Boko-Haram : Au moins 80 morts enregistrés depuis décembre 2020 à l’Extrême-Nord
Source/DataViz : Centre d’Etudes stratégiques de l’Afrique

L’Ong Human Rights Watch appelle le gouvernement à prendre des mesures concrètes pour à la fois accroître la protection des communautés vulnérables, et s’assurer que la réponse des forces de sécurité face à l’aggravation de la violence soit respectueuse des droits humains.

Pillages, kidnappings, attentats, assassinats… Depuis 2014, les populations de la région de l’Extrême-Nord Cameroun sont exposées aux attaques régulières du groupe armé islamiste Boko-Haram. Depuis décembre 2020, relève l’Ong Human Rights Watch (HRW) dans un rapport publié le 5 avril 2021 sur son site, ce groupe armé a intensifié ses attaques contre les civils dans les villes et villages de cette région du septentrion, tuant au moins 80 personnes et pillant des centaines de domiciles.

L’une des attaques récentes les plus meurtrières a été perpétrée à Mozogo le 8 janvier, lorsque Boko Haram a tué au moins 14 civils, dont huit enfants, et en ont blessé trois autres, dont deux enfants. Alors que des combattants tiraient sur des habitants et pillaient des maisons, une femme kamikaze s’est infiltrée parmi un groupe de civils en fuite, déclenchant sa veste explosive, selon des témoins.

« Boko Haram mène contre le peuple camerounais une guerre dont le coût humain est choquant.  Alors que la région de l’Extrême-Nord du Cameroun devient de plus en plus l’épicentre de la violence de Boko-Haramle Cameroun devrait adopter et mettre en œuvre de toute urgence une nouvelle stratégie respectueuse des droits pour protéger les civils en danger dans cette région. », a déclaré Ilaria Allegrozzi, chercheuse senior sur l’Afrique centrale à Human Rights Watch.  Cependant, cette organisation qui défend les Droits Humains pense que le nombre réel de victimes est encore beaucoup plus élevé, compte tenu de la difficulté à confirmer à distance les détails des attaques, qui ne sont souvent pas signalées.

Source/DataViz : Centre d’Etudes stratégiques de l’Afrique

Face à ces exactions, HRW appelle le gouvernement à prendre des mesures concrètes pour à la fois accroître la protection des communautés vulnérables, et s’assurer que la réponse des forces de sécurité face à l’aggravation de la violence soit respectueuse des droits humains.

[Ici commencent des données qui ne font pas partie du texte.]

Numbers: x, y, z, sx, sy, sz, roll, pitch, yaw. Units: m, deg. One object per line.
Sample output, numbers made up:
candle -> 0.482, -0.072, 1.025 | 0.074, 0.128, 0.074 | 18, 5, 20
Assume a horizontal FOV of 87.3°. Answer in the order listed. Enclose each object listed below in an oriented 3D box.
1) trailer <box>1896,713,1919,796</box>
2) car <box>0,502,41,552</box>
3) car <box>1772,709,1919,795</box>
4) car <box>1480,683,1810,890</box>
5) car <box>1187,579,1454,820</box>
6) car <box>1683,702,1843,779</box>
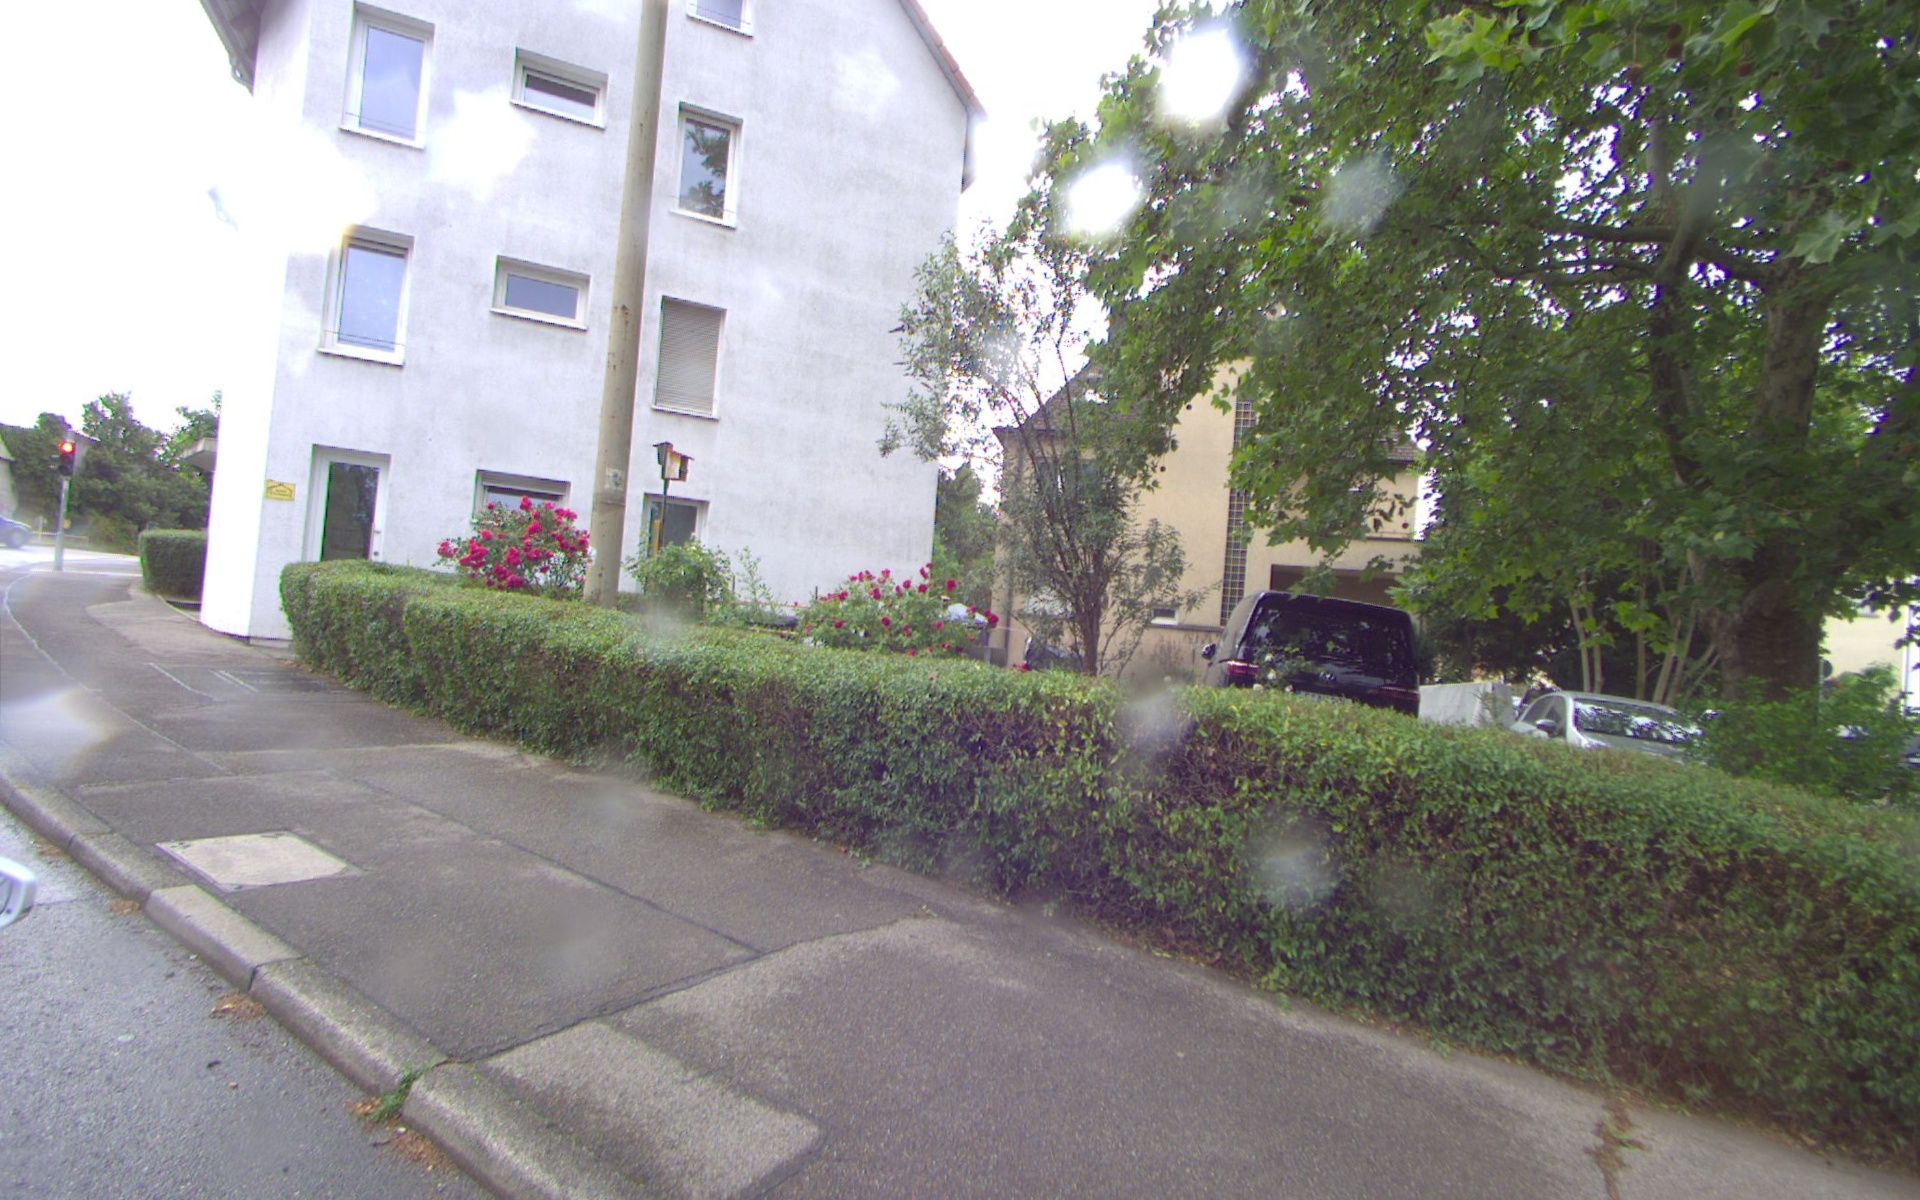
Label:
trailer -> 24.711, 3.924, 23.985 | 1.640, 2.037, 3.494 | 6, -1, 8
car -> -32.707, -2.594, 32.573 | 1.962, 1.536, 4.004 | 6, -2, 3
car -> 25.255, 4.213, 27.999 | 1.962, 1.861, 4.584 | 6, -2, 9
car -> 7.376, 1.882, 11.359 | 1.788, 1.599, 4.003 | 6, -2, 16
car -> 3.748, 0.994, 11.317 | 1.962, 1.955, 4.419 | 6, -1, 11
car -> 26.340, 4.554, 33.244 | 1.962, 1.861, 4.584 | 6, -2, 9

Il est indispensable que le Cameroun et la Force multinationale améliorent la conduite des troupes déployées pour contrer Boko Haram et veiller à ce que les allégations de violations des droits humains qui pèsent contre elles fassent l’objet d’enquêtes et de poursuites judiciaires, a souligné Human Rights Watch.

L’insurrection de Boko Haram a débuté au Nigéria en 2009 avant de gagner les pays du bassin du lac Tchad, dont le Cameroun. Le Cameroun a subi un pic d’attaques au cours de l’année écoulée. Les attaques du groupe sont souvent commises de manière indiscriminée, souligne HRW, y compris des attentats-suicides, dans des zones densément peuplées, manifestement conçu pour maximiser le nombre de morts et de blessés parmi la population civile.